FirstGroup (LON:FGP) announced the departure of Chief Executive Tim O’Toole, after the transportation operator reported substantial losses for the year.
The company reported a £326.9 million pre-tax loss for the year ending March 31, a steep decline from the £152.6 million pre-tax profit reported last year.
Adjusted pre-tax profit totalled at £197 million, down on already pessimistic analyst forecasts of £199 million.
This marked a 4.8 percent plunge from year before, disappointing investors and causing shares to slide on Thursday morning.
“The time is right for me to step aside,” O’Toole said. “Today’s results clear the way for the new approach sought by our chairman and the board.”
Mr O’Toole has been at the helm of the struggling bus and train operator for eight years.
He is set to be replaced by current chairman, Wolfhart Hauser.

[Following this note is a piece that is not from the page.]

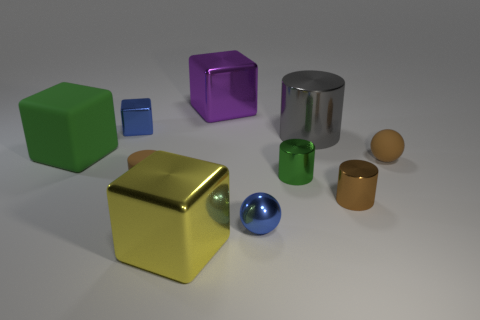Subtract all tiny green shiny cylinders. How many cylinders are left? 3 Subtract all green blocks. How many blocks are left? 3 Subtract all cubes. How many objects are left? 6 Subtract 2 cubes. How many cubes are left? 2 Subtract 0 yellow spheres. How many objects are left? 10 Subtract all red cubes. Subtract all gray cylinders. How many cubes are left? 4 Subtract all red balls. How many cyan cubes are left? 0 Subtract all brown shiny cylinders. Subtract all large gray metal balls. How many objects are left? 9 Add 3 brown rubber objects. How many brown rubber objects are left? 5 Add 5 large brown matte cubes. How many large brown matte cubes exist? 5

Matthew Gregory, will assume the role of interim chief operating officer as well as chief financial officer.
Mr Hauser said: “This year’s results fell short of our ambitions – we are disappointed that we did not make the further progress we intended based on the trends we saw at the end of the previous financial year.”
The company, which owns Great Western Railway (GWR), is exploring its options and potentially considering a sale of its US bus group GreyHound.
Most recently, the company’s reporting revealed that profits at Greyhound fell 39 percent to £25.5 million, amid increased competition from ultra low-cost airline operators in the US.
Ultimately, Greyhound has struggled to “overcome the structural shift taking place in its long-haul markets, as ultra low-cost airlines significantly increase capacity and extend into new markets”, commented Mr Gregory.
Alongside Great Western Railways and GreyHound, FirstGroup operate London Tram Link, Aircoach, alongside various First services across the UK.
Shares in FirstGroup are currently trading -12.73 percent as of 11.34AM (GMT).